→ About this exercise
In your copy, drop the images and return each record exactly as it stands.

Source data
------------------------

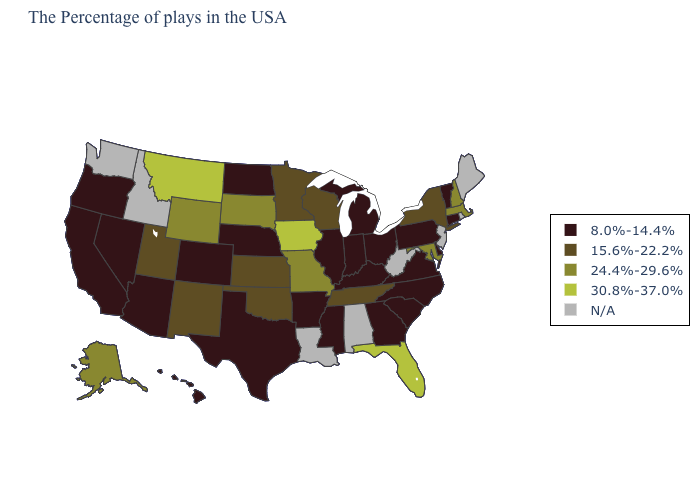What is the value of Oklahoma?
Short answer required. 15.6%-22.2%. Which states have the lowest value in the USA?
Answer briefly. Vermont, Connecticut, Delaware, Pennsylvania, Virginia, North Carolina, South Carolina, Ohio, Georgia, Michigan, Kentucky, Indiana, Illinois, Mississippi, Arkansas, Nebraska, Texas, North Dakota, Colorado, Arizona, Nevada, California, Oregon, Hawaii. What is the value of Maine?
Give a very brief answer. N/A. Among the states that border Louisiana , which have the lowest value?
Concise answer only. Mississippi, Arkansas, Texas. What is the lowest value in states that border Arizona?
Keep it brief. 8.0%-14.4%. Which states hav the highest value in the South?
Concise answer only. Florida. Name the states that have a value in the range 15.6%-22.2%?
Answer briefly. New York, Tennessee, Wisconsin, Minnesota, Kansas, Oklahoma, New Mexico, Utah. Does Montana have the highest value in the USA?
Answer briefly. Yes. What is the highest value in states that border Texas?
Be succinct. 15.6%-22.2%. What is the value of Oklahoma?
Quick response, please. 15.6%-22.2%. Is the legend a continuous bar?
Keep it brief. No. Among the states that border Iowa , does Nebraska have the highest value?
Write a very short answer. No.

------------------------

→ Final answer
What is the value of Oklahoma?
Short answer required. 15.6%-22.2%. Which states have the lowest value in the USA?
Answer briefly. Vermont, Connecticut, Delaware, Pennsylvania, Virginia, North Carolina, South Carolina, Ohio, Georgia, Michigan, Kentucky, Indiana, Illinois, Mississippi, Arkansas, Nebraska, Texas, North Dakota, Colorado, Arizona, Nevada, California, Oregon, Hawaii. What is the value of Maine?
Give a very brief answer. N/A. Among the states that border Louisiana , which have the lowest value?
Concise answer only. Mississippi, Arkansas, Texas. What is the lowest value in states that border Arizona?
Keep it brief. 8.0%-14.4%. Which states hav the highest value in the South?
Concise answer only. Florida. Name the states that have a value in the range 15.6%-22.2%?
Answer briefly. New York, Tennessee, Wisconsin, Minnesota, Kansas, Oklahoma, New Mexico, Utah. Does Montana have the highest value in the USA?
Answer briefly. Yes. What is the highest value in states that border Texas?
Be succinct. 15.6%-22.2%. What is the value of Oklahoma?
Quick response, please. 15.6%-22.2%. Is the legend a continuous bar?
Keep it brief. No. Among the states that border Iowa , does Nebraska have the highest value?
Write a very short answer. No.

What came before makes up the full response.